Visualize the differences between model predictions.

In [None]:
# Calculate pairwise differences between models
if len(prob_maps) >= 2:
    model_names_list = list(prob_maps.keys())
    n_models = len(model_names_list)
    
    # Calculate mean absolute differences
    diff_matrix = np.zeros((n_models, n_models))
    
    for i, name1 in enumerate(model_names_list):
        for j, name2 in enumerate(model_names_list):
            if i != j:
                diff = np.abs(prob_maps[name1] - prob_maps[name2]).mean()
                diff_matrix[i, j] = diff
    
    # Plot heatmap
    fig, ax = plt.subplots(figsize=(10, 8))
    im = ax.imshow(diff_matrix, cmap='YlOrRd', vmin=0)
    
    # Set ticks
    ax.set_xticks(range(n_models))
    ax.set_yticks(range(n_models))
    ax.set_xticklabels(model_names_list, rotation=45, ha='right')
    ax.set_yticklabels(model_names_list)
    
    # Add text annotations
    for i in range(n_models):
        for j in range(n_models):
            text = ax.text(j, i, f'{diff_matrix[i, j]:.4f}',
                          ha="center", va="center", color="black", 
                          fontsize=11, fontweight='bold')
    
    ax.set_title('Mean Absolute Difference Between Model Predictions',
                fontsize=14, fontweight='bold', pad=20)
    
    cbar = plt.colorbar(im, ax=ax, fraction=0.046, pad=0.04)
    cbar.set_label('Mean Absolute Difference', fontsize=11, rotation=270, labelpad=20)
    
    plt.tight_layout()
    plt.savefig(figures_dir / 'models_difference_heatmap.png', 
                dpi=300, bbox_inches='tight')
    plt.show()
    
    print(f"Saved: {figures_dir / 'models_difference_heatmap.png'}")
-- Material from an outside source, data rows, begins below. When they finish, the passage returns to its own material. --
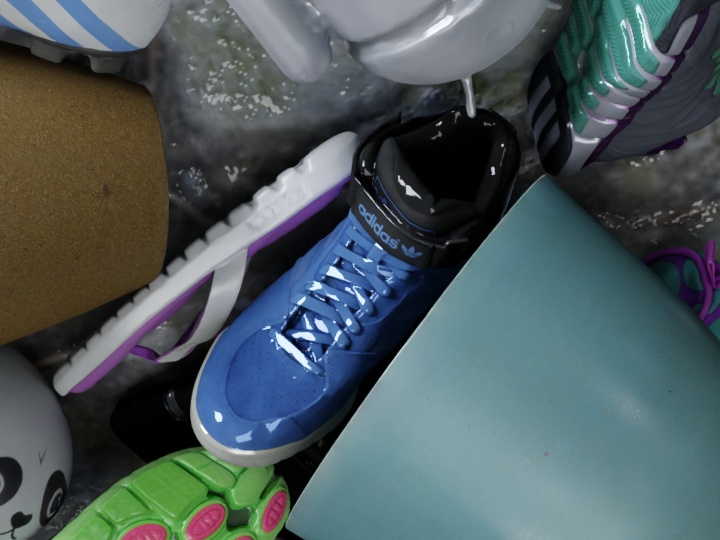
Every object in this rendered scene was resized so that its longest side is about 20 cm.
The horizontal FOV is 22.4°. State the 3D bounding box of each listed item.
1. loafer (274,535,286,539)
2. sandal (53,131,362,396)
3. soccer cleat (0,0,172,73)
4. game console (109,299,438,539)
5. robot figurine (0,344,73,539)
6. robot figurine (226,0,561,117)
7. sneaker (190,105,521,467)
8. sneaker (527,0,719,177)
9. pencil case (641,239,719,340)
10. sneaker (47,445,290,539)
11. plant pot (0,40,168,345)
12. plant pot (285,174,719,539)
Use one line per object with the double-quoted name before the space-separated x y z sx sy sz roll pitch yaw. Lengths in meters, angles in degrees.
"loafer" -0.013 0.187 0.969 0.199 0.070 0.070 19 149 19
"sandal" -0.070 0.009 0.891 0.202 0.082 0.050 -39 92 16
"soccer cleat" -0.172 -0.143 0.768 0.199 0.070 0.087 6 127 -26
"game console" -0.001 0.083 0.983 0.175 0.117 0.200 -20 125 43
"robot figurine" -0.237 0.117 0.922 0.200 0.150 0.125 -37 104 17
"robot figurine" 0.011 -0.161 0.782 0.170 0.113 0.200 -45 116 -5
"sneaker" -0.001 -0.001 0.834 0.200 0.077 0.111 -39 161 -23
"sneaker" 0.142 -0.105 0.817 0.087 0.075 0.200 -5 164 -14
"pencil case" 0.214 0.073 0.955 0.200 0.085 0.092 37 123 -23
"sneaker" -0.129 0.147 0.917 0.199 0.084 0.077 -29 99 -10
"plant pot" -0.194 -0.033 0.822 0.199 0.187 0.187 -3 122 -19
"plant pot" 0.089 0.085 0.825 0.161 0.201 0.201 36 115 6
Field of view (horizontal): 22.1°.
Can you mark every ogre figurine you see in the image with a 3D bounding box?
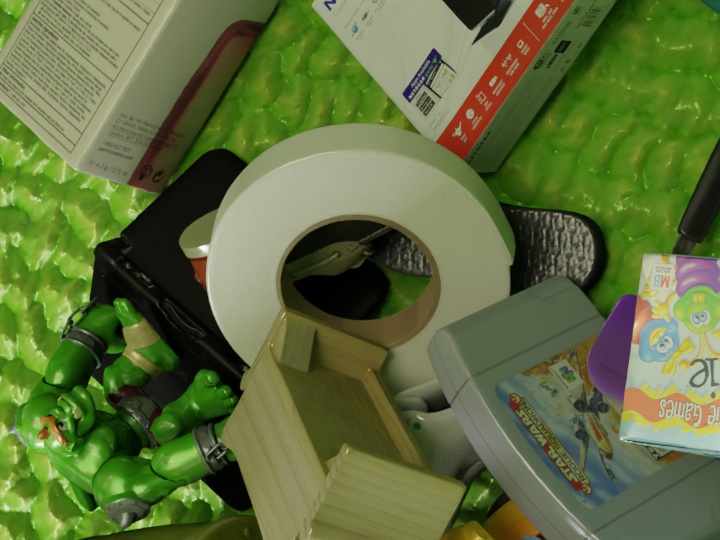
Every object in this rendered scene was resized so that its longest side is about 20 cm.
[{"bbox_3d":[-0.161,0.103,1.266,0.200,0.098,0.120,39,73,21],"label":"ogre figurine"}]

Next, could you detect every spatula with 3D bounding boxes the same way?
[{"bbox_3d":[0.200,-0.008,1.147,0.056,0.021,0.201,28,73,-4],"label":"spatula"}]

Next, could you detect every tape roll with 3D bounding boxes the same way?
[{"bbox_3d":[0.000,0.000,1.196,0.202,0.203,0.037,-33,25,23],"label":"tape roll"}]

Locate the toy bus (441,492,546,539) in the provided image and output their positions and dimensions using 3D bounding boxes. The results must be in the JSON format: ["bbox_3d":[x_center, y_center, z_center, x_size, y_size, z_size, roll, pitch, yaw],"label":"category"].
[{"bbox_3d":[0.073,0.210,1.121,0.200,0.192,0.136,-43,62,17],"label":"toy bus"}]

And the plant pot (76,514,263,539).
[{"bbox_3d":[-0.121,0.247,1.198,0.192,0.199,0.202,-31,66,42],"label":"plant pot"}]

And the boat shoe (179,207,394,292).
[{"bbox_3d":[-0.026,-0.026,1.248,0.199,0.071,0.063,-18,117,21],"label":"boat shoe"}]

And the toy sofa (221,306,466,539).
[{"bbox_3d":[-0.015,0.114,1.120,0.098,0.082,0.200,-63,23,15],"label":"toy sofa"}]

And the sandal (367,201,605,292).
[{"bbox_3d":[0.073,-0.025,1.252,0.199,0.043,0.077,20,100,25],"label":"sandal"}]

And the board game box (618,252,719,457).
[{"bbox_3d":[0.236,0.058,1.040,0.104,0.200,0.104,6,85,31],"label":"board game box"}]

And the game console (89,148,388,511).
[{"bbox_3d":[-0.096,0.042,1.353,0.200,0.116,0.177,38,132,31],"label":"game console"}]

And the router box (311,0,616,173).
[{"bbox_3d":[0.077,-0.199,1.242,0.180,0.049,0.201,50,122,27],"label":"router box"}]

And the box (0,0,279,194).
[{"bbox_3d":[-0.167,-0.179,1.379,0.128,0.109,0.201,40,103,30],"label":"box"}]

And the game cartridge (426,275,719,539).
[{"bbox_3d":[0.136,0.100,1.126,0.200,0.133,0.042,52,134,19],"label":"game cartridge"}]

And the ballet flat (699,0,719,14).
[{"bbox_3d":[0.207,-0.242,1.188,0.067,0.068,0.200,-28,61,-19],"label":"ballet flat"}]

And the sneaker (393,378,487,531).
[{"bbox_3d":[0.036,0.122,1.208,0.200,0.088,0.075,-48,35,10],"label":"sneaker"}]
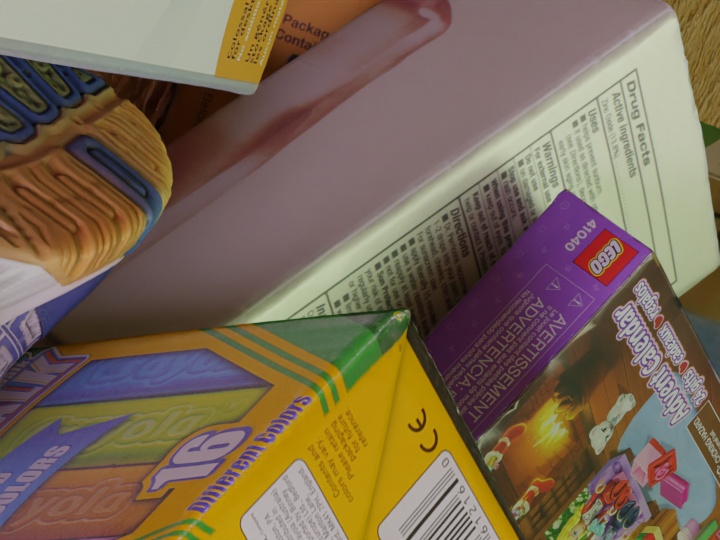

## 10. Save Comparison Summary

In [None]:
# Save summary report
summary_path = outputs_dir / 'all_models_comparison_summary.txt'
with open(summary_path, 'w', encoding='utf-8') as f:
    f.write("="*80 + "\n")
    f.write("ALL MODELS COMPARISON SUMMARY\n")
    f.write("="*80 + "\n\n")
    
    f.write("DEFORESTATION STATISTICS:\n")
    f.write("-"*80 + "\n")
    for data in stats_data:
        f.write(f"\n{data['Model']}:\n")
        f.write(f"  Deforestation: {data['Deforestation (%)']:.2f}%\n")
        f.write(f"  Area: {data['Area (km²)']:.2f} km²\n")
        f.write(f"  Mean Probability: {data['Mean Probability']:.4f}\n")
    
    if len(cnn_binary_maps) >= 2:
        f.write("\n\nCNN MODELS AGREEMENT:\n")
        f.write("-"*80 + "\n")
        for i, (count, pct) in enumerate(zip(agreement_counts, agreement_pcts)):
            f.write(f"  {i} models agree: {count:,} pixels ({pct:.2f}%)\n")
    
    f.write("\n\nGENERATED FIGURES:\n")
    f.write("-"*80 + "\n")
    f.write("  - all_models_probability_comparison.png\n")
    f.write("  - all_models_binary_comparison.png\n")
    f.write("  - all_models_statistics_comparison.png\n")
    f.write("  - cnn_models_agreement.png\n")
    f.write("  - models_difference_heatmap.png\n")

print(f"Summary saved to: {summary_path}")

# Display summary
with open(summary_path, 'r', encoding='utf-8') as f:
    print("\n" + f.read())

## 11. Summary

This notebook has generated comprehensive comparisons between all 4 deforestation detection models:

**Visualizations created:**
1. Side-by-side probability maps (2×2 grid)
2. Side-by-side binary classification maps (2×2 grid)
3. Statistics comparison (bar charts)
4. CNN models agreement analysis
5. Model differences heatmap

**Key insights:**
- Compare deforestation estimates across different model architectures
- Identify areas of high agreement (high confidence predictions)
- Identify areas of disagreement (uncertain predictions)
- Evaluate trade-offs between CNN models and traditional ML (Random Forest)

All figures have been saved to `figures/` directory for inclusion in your thesis.